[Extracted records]

--------------------------------

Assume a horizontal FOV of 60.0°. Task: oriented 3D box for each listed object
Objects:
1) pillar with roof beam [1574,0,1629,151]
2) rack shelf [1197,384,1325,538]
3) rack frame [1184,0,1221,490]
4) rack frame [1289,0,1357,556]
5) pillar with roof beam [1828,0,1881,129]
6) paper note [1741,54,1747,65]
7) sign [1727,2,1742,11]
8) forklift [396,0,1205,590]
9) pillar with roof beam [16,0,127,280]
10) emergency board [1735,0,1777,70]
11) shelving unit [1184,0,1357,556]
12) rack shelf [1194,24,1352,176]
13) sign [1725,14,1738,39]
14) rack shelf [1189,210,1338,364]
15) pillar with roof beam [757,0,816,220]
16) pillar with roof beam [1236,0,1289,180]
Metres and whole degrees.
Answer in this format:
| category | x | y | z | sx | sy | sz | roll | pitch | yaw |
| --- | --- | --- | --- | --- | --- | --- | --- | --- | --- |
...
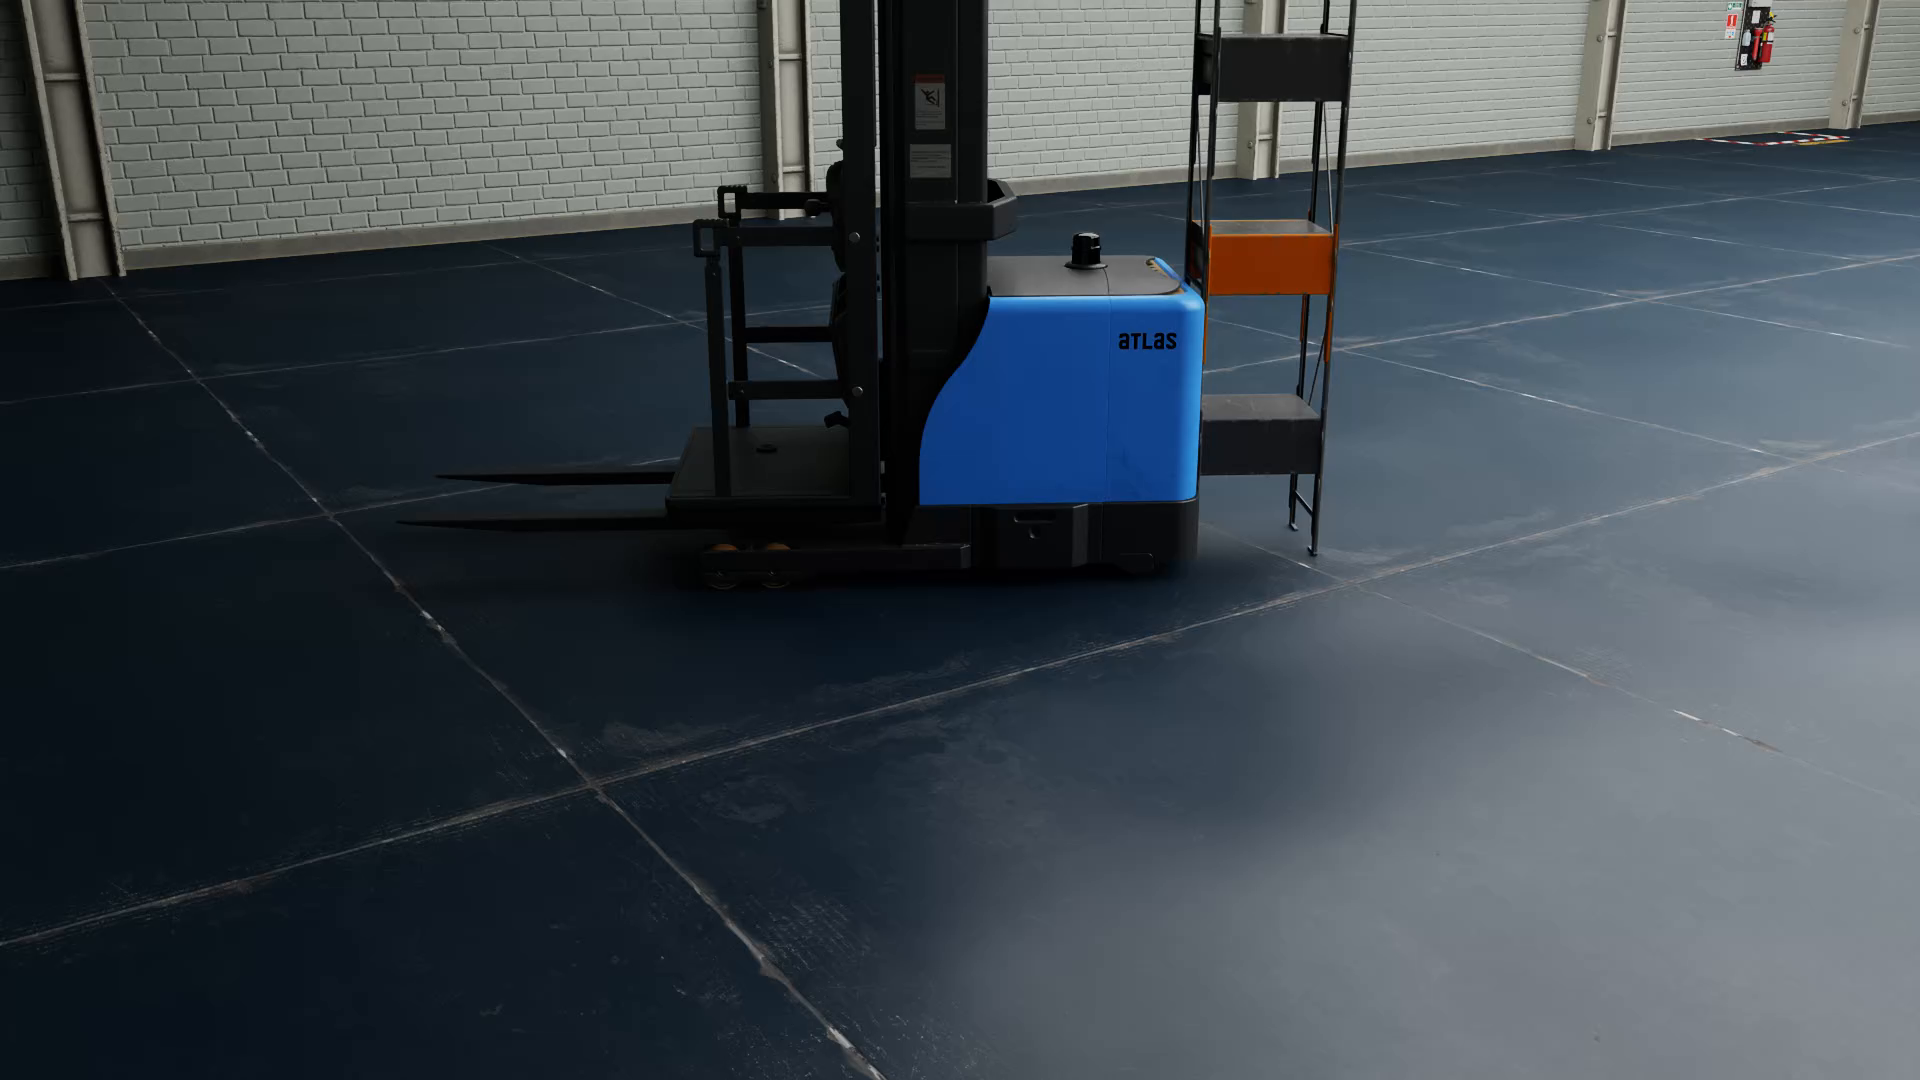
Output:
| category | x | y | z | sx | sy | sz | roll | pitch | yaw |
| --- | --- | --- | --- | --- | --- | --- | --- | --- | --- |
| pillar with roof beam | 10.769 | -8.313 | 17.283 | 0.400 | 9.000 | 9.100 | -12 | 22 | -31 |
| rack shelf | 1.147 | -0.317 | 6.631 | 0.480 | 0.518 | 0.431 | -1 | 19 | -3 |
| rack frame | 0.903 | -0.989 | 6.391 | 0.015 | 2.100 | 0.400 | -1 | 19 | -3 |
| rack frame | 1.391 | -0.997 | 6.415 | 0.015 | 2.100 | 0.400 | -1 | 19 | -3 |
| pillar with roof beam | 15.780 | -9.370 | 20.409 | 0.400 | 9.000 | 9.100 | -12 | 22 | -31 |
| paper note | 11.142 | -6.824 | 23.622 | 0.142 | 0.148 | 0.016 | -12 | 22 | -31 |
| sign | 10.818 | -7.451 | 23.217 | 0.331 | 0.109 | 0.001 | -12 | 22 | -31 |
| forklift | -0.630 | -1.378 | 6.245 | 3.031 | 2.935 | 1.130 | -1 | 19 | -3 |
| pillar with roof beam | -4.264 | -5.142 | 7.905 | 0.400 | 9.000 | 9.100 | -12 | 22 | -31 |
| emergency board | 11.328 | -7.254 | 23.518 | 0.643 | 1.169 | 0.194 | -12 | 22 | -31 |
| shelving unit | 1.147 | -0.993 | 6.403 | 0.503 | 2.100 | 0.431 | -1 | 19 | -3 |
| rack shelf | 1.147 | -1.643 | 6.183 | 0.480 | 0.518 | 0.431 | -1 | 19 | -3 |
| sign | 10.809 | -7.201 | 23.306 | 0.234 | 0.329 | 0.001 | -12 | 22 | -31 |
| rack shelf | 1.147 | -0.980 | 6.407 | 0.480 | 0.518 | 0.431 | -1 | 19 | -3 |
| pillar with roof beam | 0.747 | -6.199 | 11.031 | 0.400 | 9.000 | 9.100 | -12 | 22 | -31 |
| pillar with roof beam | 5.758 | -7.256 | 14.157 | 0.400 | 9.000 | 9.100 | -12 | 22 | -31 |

--------------------------------

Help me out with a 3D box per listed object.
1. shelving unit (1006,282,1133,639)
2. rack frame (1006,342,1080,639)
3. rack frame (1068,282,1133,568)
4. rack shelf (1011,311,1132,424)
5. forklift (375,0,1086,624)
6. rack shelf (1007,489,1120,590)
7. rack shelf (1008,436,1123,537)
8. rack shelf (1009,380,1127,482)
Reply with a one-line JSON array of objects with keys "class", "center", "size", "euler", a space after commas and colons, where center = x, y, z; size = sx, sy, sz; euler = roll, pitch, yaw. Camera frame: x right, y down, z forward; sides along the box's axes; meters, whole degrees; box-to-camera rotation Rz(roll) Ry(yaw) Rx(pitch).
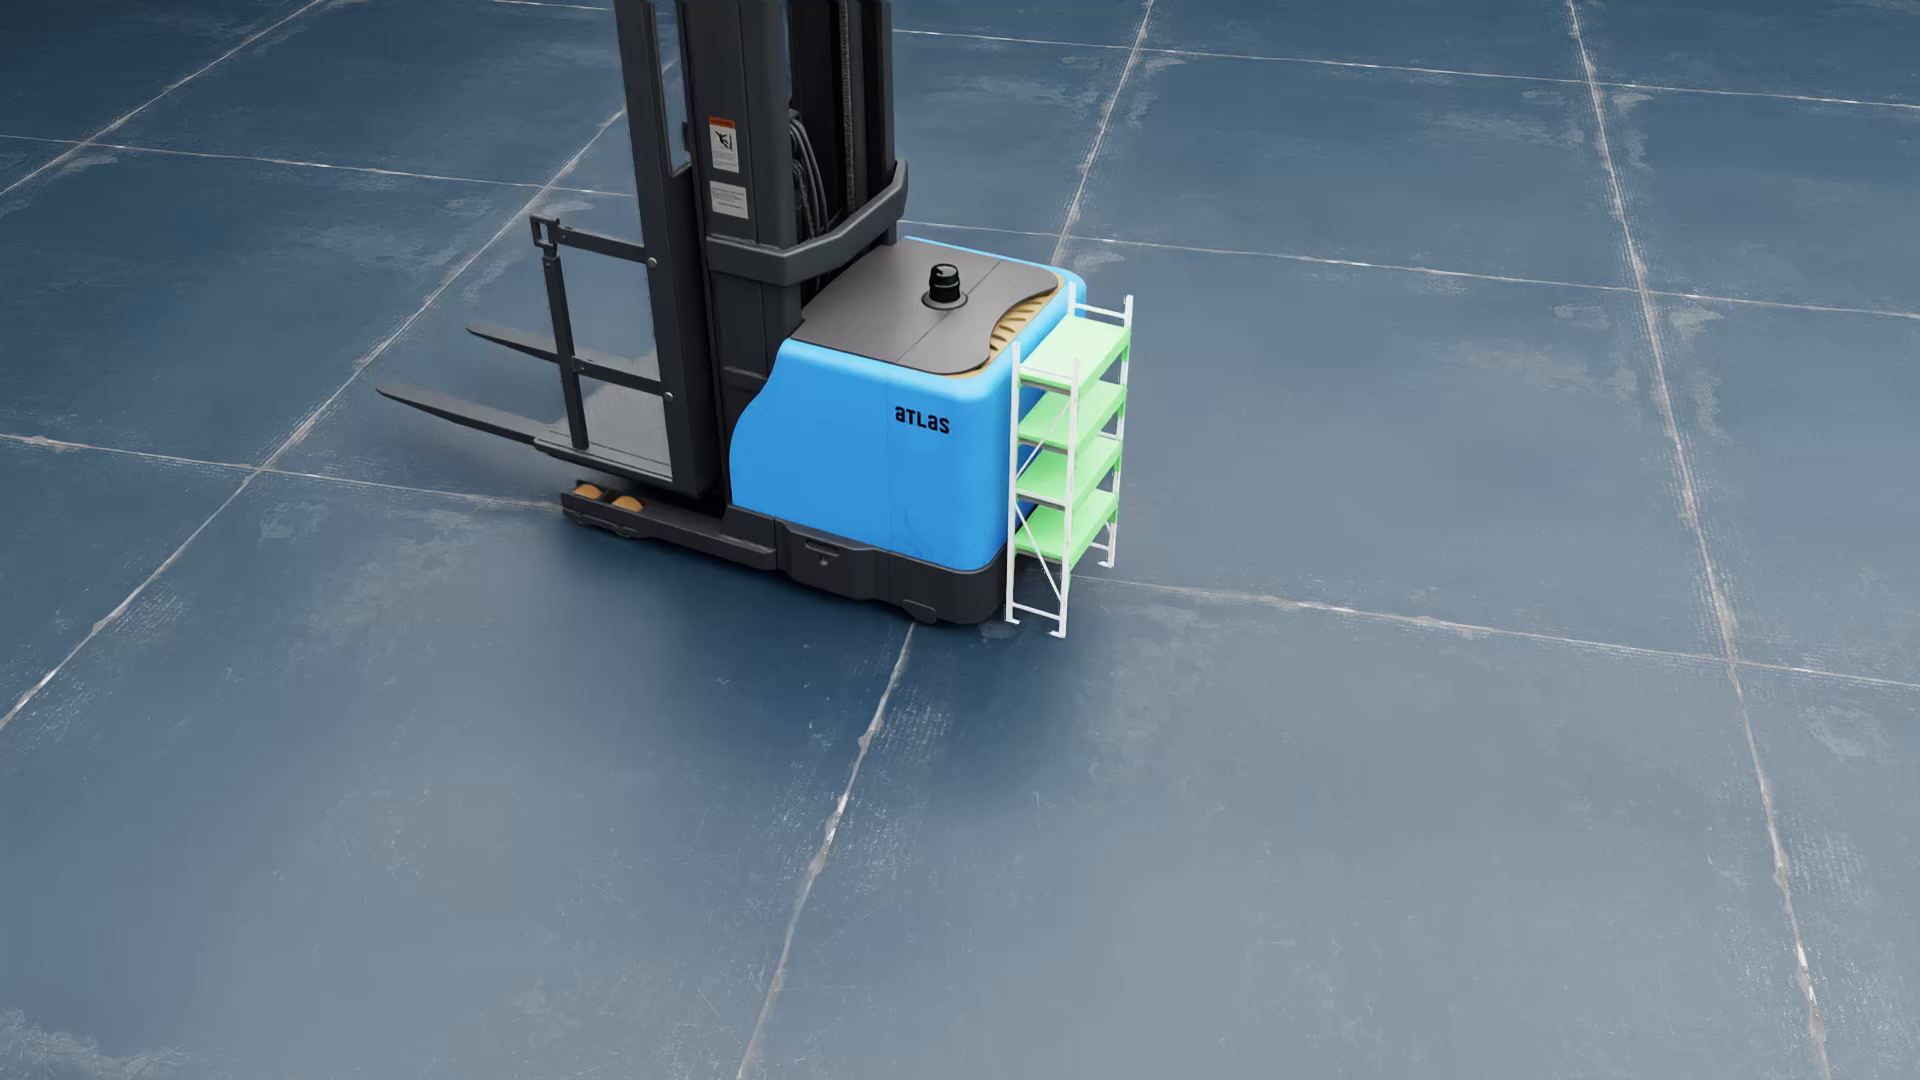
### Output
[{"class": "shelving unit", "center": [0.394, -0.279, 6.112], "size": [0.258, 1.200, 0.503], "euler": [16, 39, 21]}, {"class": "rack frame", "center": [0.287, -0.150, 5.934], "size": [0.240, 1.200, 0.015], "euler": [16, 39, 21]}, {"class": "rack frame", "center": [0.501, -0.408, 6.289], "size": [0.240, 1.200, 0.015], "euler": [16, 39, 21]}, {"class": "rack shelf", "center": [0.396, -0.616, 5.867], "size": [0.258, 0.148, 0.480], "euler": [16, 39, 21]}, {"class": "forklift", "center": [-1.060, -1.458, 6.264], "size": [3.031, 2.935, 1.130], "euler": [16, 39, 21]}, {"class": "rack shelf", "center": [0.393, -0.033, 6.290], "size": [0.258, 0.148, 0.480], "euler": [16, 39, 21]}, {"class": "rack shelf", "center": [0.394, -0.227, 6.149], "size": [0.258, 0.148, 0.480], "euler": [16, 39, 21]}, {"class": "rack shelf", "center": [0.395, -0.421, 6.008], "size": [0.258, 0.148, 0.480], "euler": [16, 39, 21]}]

--------------------------------

Your answer should be the lines above, from the line containing "Assume a horizontal" up to and including the line containing "Answer in this", reproduced exactly and with nothing else.

Assume a horizontal FOV of 60.0°. Task: oriented 3D box for each listed object
Objects:
1) pillar with roof beam [1574,0,1629,151]
2) rack shelf [1197,384,1325,538]
3) rack frame [1184,0,1221,490]
4) rack frame [1289,0,1357,556]
5) pillar with roof beam [1828,0,1881,129]
6) paper note [1741,54,1747,65]
7) sign [1727,2,1742,11]
8) forklift [396,0,1205,590]
9) pillar with roof beam [16,0,127,280]
10) emergency board [1735,0,1777,70]
11) shelving unit [1184,0,1357,556]
12) rack shelf [1194,24,1352,176]
13) sign [1725,14,1738,39]
14) rack shelf [1189,210,1338,364]
15) pillar with roof beam [757,0,816,220]
16) pillar with roof beam [1236,0,1289,180]
Metres and whole degrees.
Answer in this format:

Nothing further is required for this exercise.